The perimeter of
△
J
K
L
is 200 centimeters.
JK = 68 centimeters
KL = 62 centimeters
Which statement is true about the interior angles of
△
J
K
L
?
A
∡
L
is the greatest of the interior angles
A ,
∡
L
, , is the greatest of the interior angles
B
∡
L
is the least of the interior angles
B ,
∡
L
, is the least of the interior angles
C
∡
K
is the least of the interior angles
C ,
∡
K
, is the least of the interior angles
D
∡
K
is the greatest of the interior angles
D ,
∡
K
, , is the greatest of the interior angles
Very confusing when printed in a vertical orientation. Need to print horizontally.
To determine which statement is true about the interior angles of triangle JKL, we need to use the given information.
The perimeter of triangle JKL is 200 centimeters, and the lengths of its sides are given as:
JK = 68 centimeters
KL = 62 centimeters
By definition, the perimeter of a triangle is the sum of the lengths of its sides. Therefore, we can find the length of the third side, JL, by subtracting the sum of the other two sides from the perimeter:
JL = Perimeter - JK - KL
JL = 200 - 68 - 62
JL = 200 - 130
JL = 70 centimeters
Now, let's analyze the possible statements:
A. ∡L is the greatest of the interior angles
B. ∡L is the least of the interior angles
C. ∡K is the least of the interior angles
D. ∡K is the greatest of the interior angles
To determine which statement is true, we can use the property that in any triangle, the sum of the measures of the interior angles is always equal to 180 degrees.
Let's assume that ∡J, ∡K, and ∡L represent the measures of angles J, K, and L, respectively.
Therefore, we have the following equations:
∡J + ∡K + ∡L = 180 (1)
∡J is the measure of angle J
∡K is the measure of angle K
∡L is the measure of angle L
We also know that JK + KL + JL is equal to the perimeter of the triangle:
JK + KL + JL = 200 (2)
JK = 68 (3)
KL = 62 (4)
JL = 70 (5)
Substituting equations (3), (4), and (5) into equation (2), we have:
68 + 62 + 70 = 200
200 = 200
This shows that our values are correct.
Now, using equation (1), we can solve for ∡L:
∡J + ∡K + ∡L = 180
∡L = 180 - ∡J - ∡K
Since the measures of angles J and K are not given, we cannot determine the specific values of ∡J and ∡K. Therefore, we cannot conclusively determine whether ∡L is the greatest or the least of the interior angles.

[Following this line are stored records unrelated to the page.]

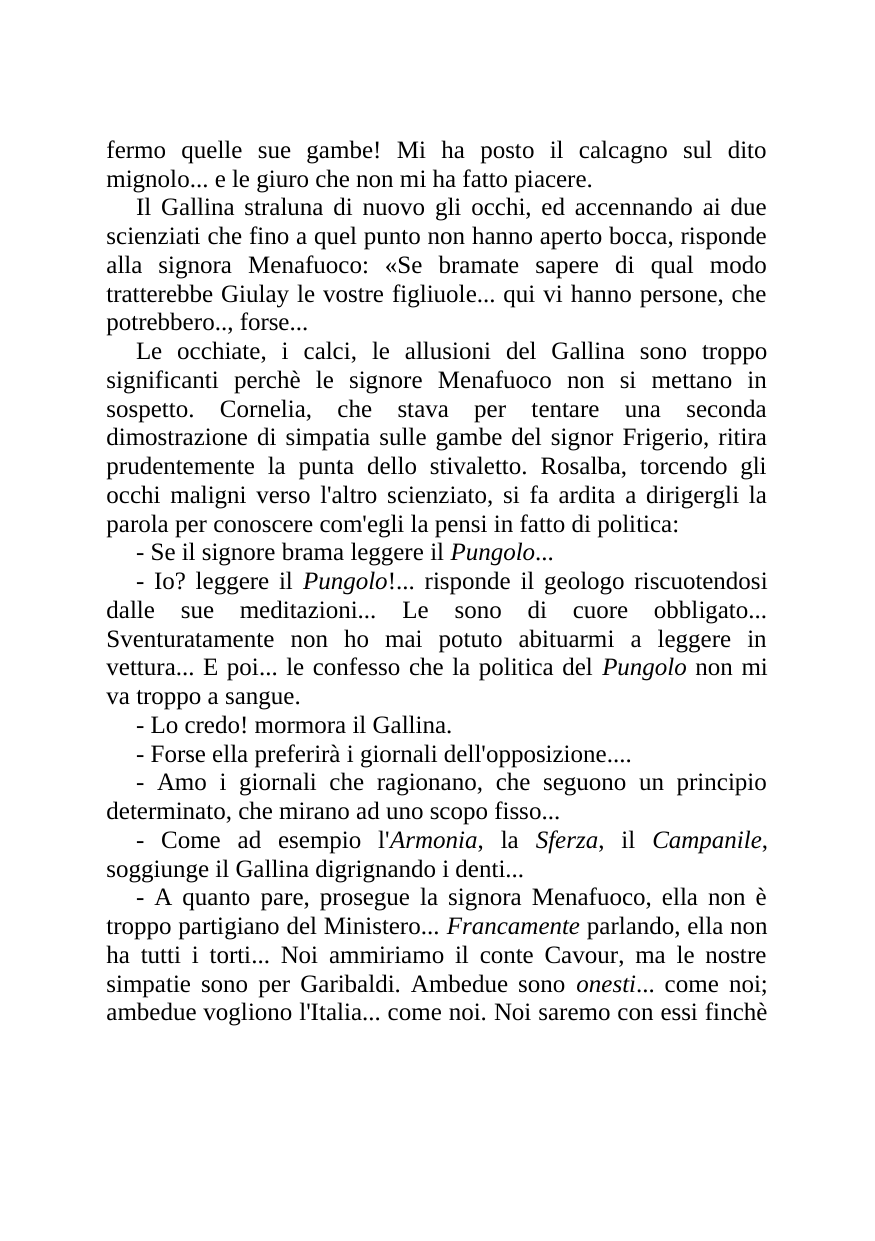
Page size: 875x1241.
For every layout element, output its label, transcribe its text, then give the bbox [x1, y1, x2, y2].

text - Io? leggere il Pungolo!... risponde il geologo riscuotendosi dalle sue meditazioni... Le sono di cuore obbligato... Sventuratamente non ho mai potuto abituarmi a leggere in vettura... E poi... le confesso che la politica del Pungolo non mi va troppo a sangue. [106, 566, 768, 710]
text - Come ad esempio l'Armonia, la Sferza, il Campanile, soggiunge il Gallina digrignando i denti... [106, 825, 768, 882]
text Le occhiate, i calci, le allusioni del Gallina sono troppo significanti perchè le signore Menafuoco non si mettano in sospetto. Cornelia, che stava per tentare una seconda dimostrazione di simpatia sulle gambe del signor Frigerio, ritira prudentemente la punta dello stivaletto. Rosalba, torcendo gli occhi maligni verso l'altro scienziato, si fa ardita a dirigergli la parola per conoscere com'egli la pensi in fatto di politica: [106, 336, 768, 537]
text - Lo credo! mormora il Gallina. [106, 710, 768, 739]
text Il Gallina straluna di nuovo gli occhi, ed accennando ai due scienziati che fino a quel punto non hanno aperto bocca, risponde alla signora Menafuoco: «Se bramate sapere di qual modo tratterebbe Giulay le vostre figliuole... qui vi hanno persone, che potrebbero.., forse... [106, 192, 768, 336]
text - Amo i giornali che ragionano, che seguono un principio determinato, che mirano ad uno scopo fisso... [106, 767, 768, 825]
text - Forse ella preferirà i giornali dell'opposizione.... [106, 739, 768, 767]
text - A quanto pare, prosegue la signora Menafuoco, ella non è troppo partigiano del Ministero... Francamente parlando, ella non ha tutti i torti... Noi ammiriamo il conte Cavour, ma le nostre simpatie sono per Garibaldi. Ambedue sono onesti... come noi; ambedue vogliono l'Italia... come noi. Noi saremo con essi finchè [106, 882, 768, 1026]
text fermo quelle sue gambe! Mi ha posto il calcagno sul dito mignolo... e le giuro che non mi ha fatto piacere. [106, 135, 768, 192]
text - Se il signore brama leggere il Pungolo... [106, 537, 768, 566]

Hence, the answer is: None of the given statements (A, B, C, or D) about the interior angles of triangle JKL are true, as we do not have enough information to confirm any specific relationship between the angles.
To determine which statement is true about the interior angles of △JKL, you can use the fact that the sum of the interior angles in a triangle is always 180 degrees.
Let's start by finding the third interior angle, ∡J. Since the perimeter of △JKL is given as 200 centimeters, we know that JK + KL + JL (the third side) must equal 200.
Given:
JK = 68 centimeters
KL = 62 centimeters
To find JL, we can subtract the lengths of JK and KL from the perimeter:
JL = 200 - (JK + KL)
JL = 200 - (68 + 62)
JL = 200 - 130
JL = 70 centimeters
Now that we have the lengths of all three sides, we can use the Law of Cosines to find the cosine of each angle:
cos(∡J) = (JK² + JL² - KL²) / (2 * JK * JL)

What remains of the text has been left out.